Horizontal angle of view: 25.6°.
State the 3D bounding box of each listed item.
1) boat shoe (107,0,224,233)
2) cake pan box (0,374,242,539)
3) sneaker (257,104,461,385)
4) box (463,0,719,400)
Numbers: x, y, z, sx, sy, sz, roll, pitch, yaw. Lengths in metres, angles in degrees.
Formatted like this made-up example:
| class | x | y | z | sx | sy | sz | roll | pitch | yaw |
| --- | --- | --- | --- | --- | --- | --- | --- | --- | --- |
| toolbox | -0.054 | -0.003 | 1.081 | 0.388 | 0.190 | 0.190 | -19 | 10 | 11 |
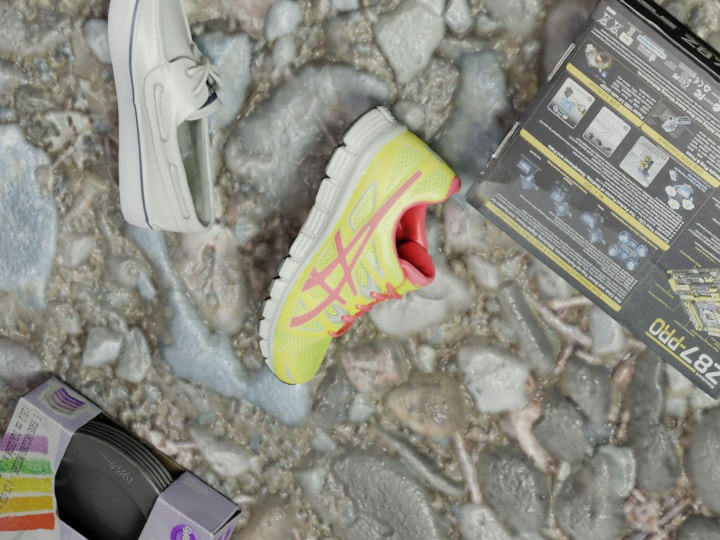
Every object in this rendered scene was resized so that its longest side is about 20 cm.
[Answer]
| class | x | y | z | sx | sy | sz | roll | pitch | yaw |
| --- | --- | --- | --- | --- | --- | --- | --- | --- | --- |
| boat shoe | -0.122 | -0.119 | 1.048 | 0.065 | 0.074 | 0.201 | 10 | 122 | 16 |
| cake pan box | -0.204 | 0.204 | 1.204 | 0.184 | 0.052 | 0.201 | 34 | 118 | 8 |
| sneaker | 0.000 | 0.000 | 1.023 | 0.090 | 0.078 | 0.201 | 30 | 117 | 10 |
| box | 0.184 | -0.046 | 0.938 | 0.200 | 0.049 | 0.162 | 38 | 117 | 8 |
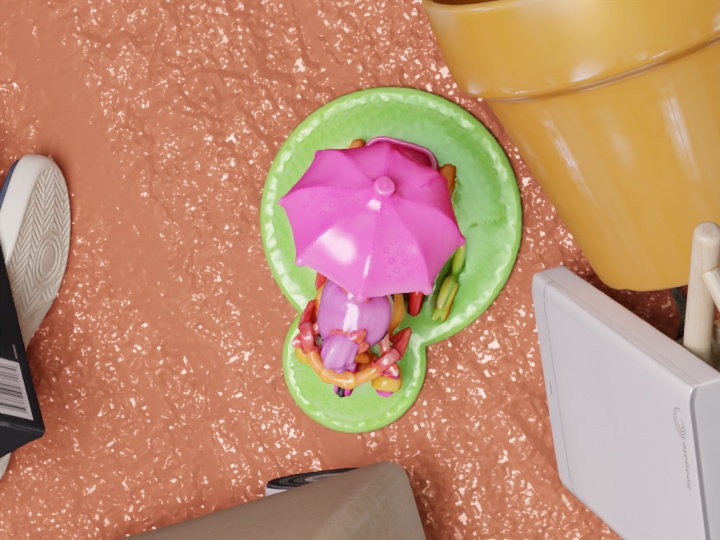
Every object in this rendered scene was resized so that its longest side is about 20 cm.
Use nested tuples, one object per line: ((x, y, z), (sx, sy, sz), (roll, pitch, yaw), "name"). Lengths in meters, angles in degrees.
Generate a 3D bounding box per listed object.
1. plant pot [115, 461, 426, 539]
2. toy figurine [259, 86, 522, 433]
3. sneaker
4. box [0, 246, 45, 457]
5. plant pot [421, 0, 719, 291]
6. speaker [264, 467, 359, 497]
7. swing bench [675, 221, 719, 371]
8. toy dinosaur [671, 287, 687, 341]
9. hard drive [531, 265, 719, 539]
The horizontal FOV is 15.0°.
((-0.059, 0.231, 1.419), (0.200, 0.177, 0.200), (-17, 91, 12), "plant pot")
((0.000, 0.000, 1.474), (0.150, 0.184, 0.200), (16, 95, 6), "toy figurine")
((-0.229, 0.025, 1.561), (0.084, 0.075, 0.200), (15, 86, 23), "sneaker")
((-0.268, 0.024, 1.505), (0.141, 0.079, 0.200), (-30, 63, 28), "box")
((0.157, -0.097, 1.460), (0.200, 0.200, 0.183), (-20, 107, 7), "plant pot")
((-0.005, 0.214, 1.537), (0.081, 0.081, 0.200), (-5, 92, 7), "speaker")
((0.264, 0.033, 1.404), (0.199, 0.200, 0.130), (-22, 73, -13), "swing bench")
((0.187, 0.109, 1.513), (0.102, 0.077, 0.200), (-16, 94, 0), "toy dinosaur")
((0.146, 0.087, 1.438), (0.027, 0.200, 0.132), (-15, 111, -16), "hard drive")
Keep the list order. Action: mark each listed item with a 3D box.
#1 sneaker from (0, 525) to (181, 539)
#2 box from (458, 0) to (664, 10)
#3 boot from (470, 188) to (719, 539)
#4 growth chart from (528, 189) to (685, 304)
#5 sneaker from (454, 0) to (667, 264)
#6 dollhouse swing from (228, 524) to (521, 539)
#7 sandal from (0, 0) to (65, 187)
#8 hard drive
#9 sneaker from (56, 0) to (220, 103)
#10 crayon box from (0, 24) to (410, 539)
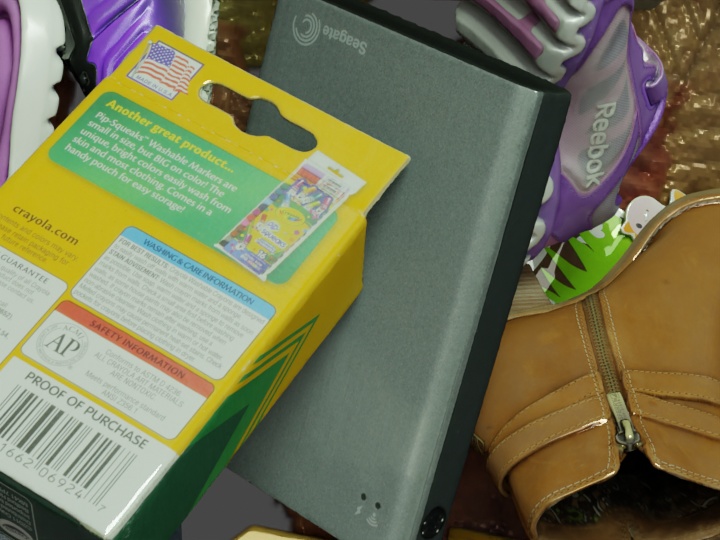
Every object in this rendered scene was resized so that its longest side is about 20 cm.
[{"bbox_3d":[-0.161,0.124,0.829,0.198,0.070,0.110,-13,92,1],"label":"sneaker"},{"bbox_3d":[0.048,-0.188,0.926,0.198,0.109,0.129,0,85,-10],"label":"box"},{"bbox_3d":[0.134,0.040,0.880,0.198,0.156,0.077,-8,123,-10],"label":"boot"},{"bbox_3d":[0.069,0.006,0.962,0.198,0.018,0.146,23,83,-10],"label":"growth chart"},{"bbox_3d":[0.087,-0.087,0.874,0.088,0.201,0.081,-11,44,-25],"label":"sneaker"},{"bbox_3d":[0.023,0.204,0.872,0.174,0.181,0.202,14,84,-20],"label":"dollhouse swing"},{"bbox_3d":[-0.164,-0.019,0.879,0.049,0.082,0.205,7,92,-28],"label":"sandal"},{"bbox_3d":[0.000,0.000,0.866,0.033,0.139,0.202,-3,114,-49],"label":"hard drive"},{"bbox_3d":[-0.110,-0.110,0.917,0.098,0.070,0.202,6,81,-3],"label":"sneaker"},{"bbox_3d":[-0.084,0.010,0.806,0.125,0.052,0.200,28,58,17],"label":"crayon box"}]

□ □ □ □ □ □ □

#### [What the task asks]
Verbatim output of the entries is required, with each image left out.

#### [Answer space]
Horizontal angle of view: 25.6°.
State the 3D bounding box of each listed item.
1) boat shoe (107,0,224,233)
2) cake pan box (0,374,242,539)
3) sneaker (257,104,461,385)
4) box (463,0,719,400)
Numbers: x, y, z, sx, sy, sz, roll, pitch, yaw. Lengths in metres, angles in degrees.
Formatted like this made-up example:
| class | x | y | z | sx | sy | sz | roll | pitch | yaw |
| --- | --- | --- | --- | --- | --- | --- | --- | --- | --- |
| toolbox | -0.054 | -0.003 | 1.081 | 0.388 | 0.190 | 0.190 | -19 | 10 | 11 |
Every object in this rendered scene was resized so that its longest side is about 20 cm.
[Answer]
| class | x | y | z | sx | sy | sz | roll | pitch | yaw |
| --- | --- | --- | --- | --- | --- | --- | --- | --- | --- |
| boat shoe | -0.122 | -0.119 | 1.048 | 0.065 | 0.074 | 0.201 | 10 | 122 | 16 |
| cake pan box | -0.204 | 0.204 | 1.204 | 0.184 | 0.052 | 0.201 | 34 | 118 | 8 |
| sneaker | 0.000 | 0.000 | 1.023 | 0.090 | 0.078 | 0.201 | 30 | 117 | 10 |
| box | 0.184 | -0.046 | 0.938 | 0.200 | 0.049 | 0.162 | 38 | 117 | 8 |
Every object in this rendered scene was resized so that its longest side is about 20 cm.
Use nested tuples, one object per line: ((x, y, z), (sx, sy, sz), (roll, pitch, yaw), "name"). Lengths in meters, angles in degrees.
Generate a 3D bounding box per listed object.
1. plant pot [115, 461, 426, 539]
2. toy figurine [259, 86, 522, 433]
3. sneaker
4. box [0, 246, 45, 457]
5. plant pot [421, 0, 719, 291]
6. speaker [264, 467, 359, 497]
7. swing bench [675, 221, 719, 371]
8. toy dinosaur [671, 287, 687, 341]
9. hard drive [531, 265, 719, 539]
The horizontal FOV is 15.0°.
((-0.059, 0.231, 1.419), (0.200, 0.177, 0.200), (-17, 91, 12), "plant pot")
((0.000, 0.000, 1.474), (0.150, 0.184, 0.200), (16, 95, 6), "toy figurine")
((-0.229, 0.025, 1.561), (0.084, 0.075, 0.200), (15, 86, 23), "sneaker")
((-0.268, 0.024, 1.505), (0.141, 0.079, 0.200), (-30, 63, 28), "box")
((0.157, -0.097, 1.460), (0.200, 0.200, 0.183), (-20, 107, 7), "plant pot")
((-0.005, 0.214, 1.537), (0.081, 0.081, 0.200), (-5, 92, 7), "speaker")
((0.264, 0.033, 1.404), (0.199, 0.200, 0.130), (-22, 73, -13), "swing bench")
((0.187, 0.109, 1.513), (0.102, 0.077, 0.200), (-16, 94, 0), "toy dinosaur")
((0.146, 0.087, 1.438), (0.027, 0.200, 0.132), (-15, 111, -16), "hard drive")
Keep the list order. Action: mark each listed item with a 3D box.
#1 sneaker from (0, 525) to (181, 539)
#2 box from (458, 0) to (664, 10)
#3 boot from (470, 188) to (719, 539)
#4 growth chart from (528, 189) to (685, 304)
#5 sneaker from (454, 0) to (667, 264)
#6 dollhouse swing from (228, 524) to (521, 539)
#7 sandal from (0, 0) to (65, 187)
#8 hard drive
#9 sneaker from (56, 0) to (220, 103)
#10 crayon box from (0, 24) to (410, 539)
Every object in this rendered scene was resized so that its longest side is about 20 cm.
[{"bbox_3d":[-0.161,0.124,0.829,0.198,0.070,0.110,-13,92,1],"label":"sneaker"},{"bbox_3d":[0.048,-0.188,0.926,0.198,0.109,0.129,0,85,-10],"label":"box"},{"bbox_3d":[0.134,0.040,0.880,0.198,0.156,0.077,-8,123,-10],"label":"boot"},{"bbox_3d":[0.069,0.006,0.962,0.198,0.018,0.146,23,83,-10],"label":"growth chart"},{"bbox_3d":[0.087,-0.087,0.874,0.088,0.201,0.081,-11,44,-25],"label":"sneaker"},{"bbox_3d":[0.023,0.204,0.872,0.174,0.181,0.202,14,84,-20],"label":"dollhouse swing"},{"bbox_3d":[-0.164,-0.019,0.879,0.049,0.082,0.205,7,92,-28],"label":"sandal"},{"bbox_3d":[0.000,0.000,0.866,0.033,0.139,0.202,-3,114,-49],"label":"hard drive"},{"bbox_3d":[-0.110,-0.110,0.917,0.098,0.070,0.202,6,81,-3],"label":"sneaker"},{"bbox_3d":[-0.084,0.010,0.806,0.125,0.052,0.200,28,58,17],"label":"crayon box"}]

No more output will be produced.